- Goal of the exercise:
Return every record below exactly as given, images excluded.

[[ Exercise data open ]]

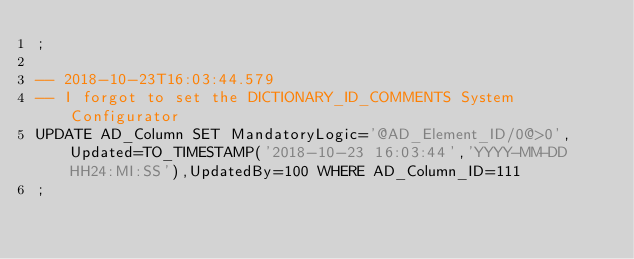<code> <loc_0><loc_0><loc_500><loc_500><_SQL_>;

-- 2018-10-23T16:03:44.579
-- I forgot to set the DICTIONARY_ID_COMMENTS System Configurator
UPDATE AD_Column SET MandatoryLogic='@AD_Element_ID/0@>0',Updated=TO_TIMESTAMP('2018-10-23 16:03:44','YYYY-MM-DD HH24:MI:SS'),UpdatedBy=100 WHERE AD_Column_ID=111
;

</code> 
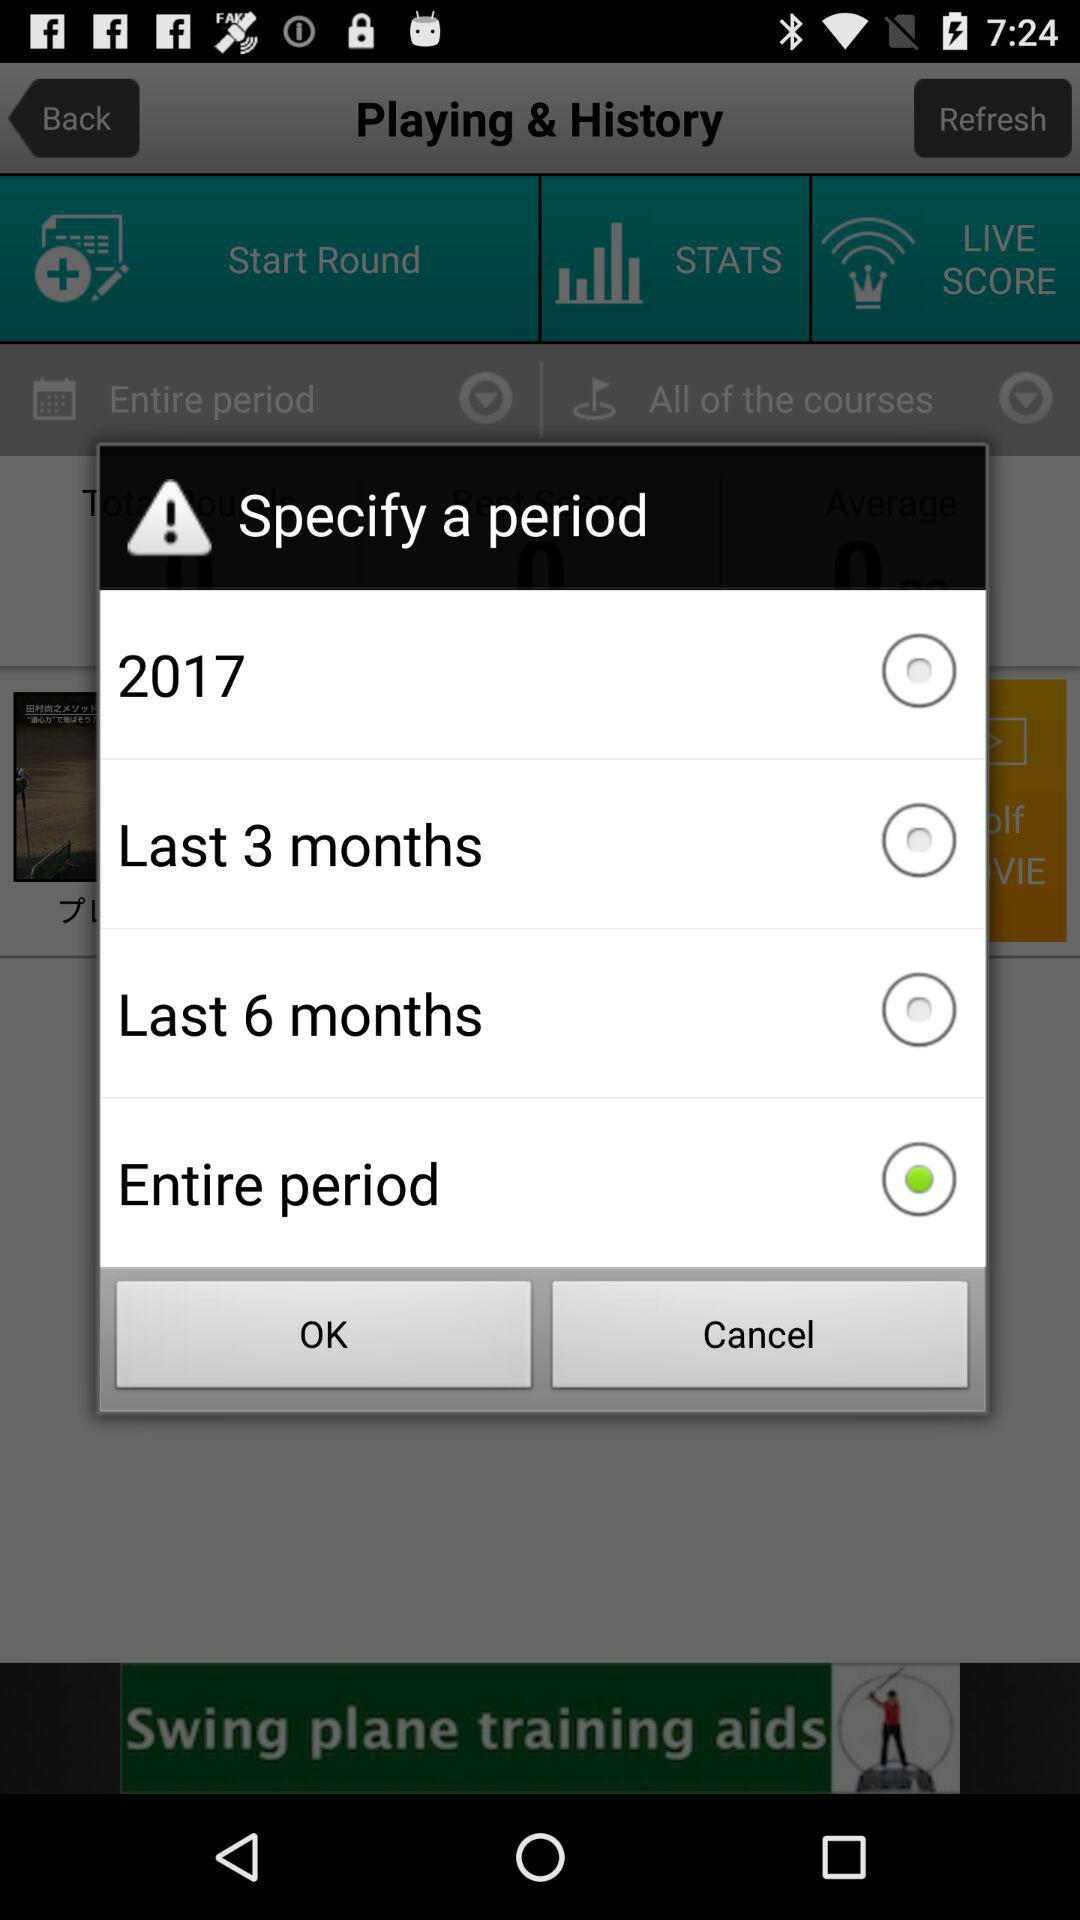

[[ Exercise data closed ]]

- Output of the task:
<code> <loc_0><loc_0><loc_500><loc_500><_SQL_>;

-- 2018-10-23T16:03:44.579
-- I forgot to set the DICTIONARY_ID_COMMENTS System Configurator
UPDATE AD_Column SET MandatoryLogic='@AD_Element_ID/0@>0',Updated=TO_TIMESTAMP('2018-10-23 16:03:44','YYYY-MM-DD HH24:MI:SS'),UpdatedBy=100 WHERE AD_Column_ID=111
;

</code> 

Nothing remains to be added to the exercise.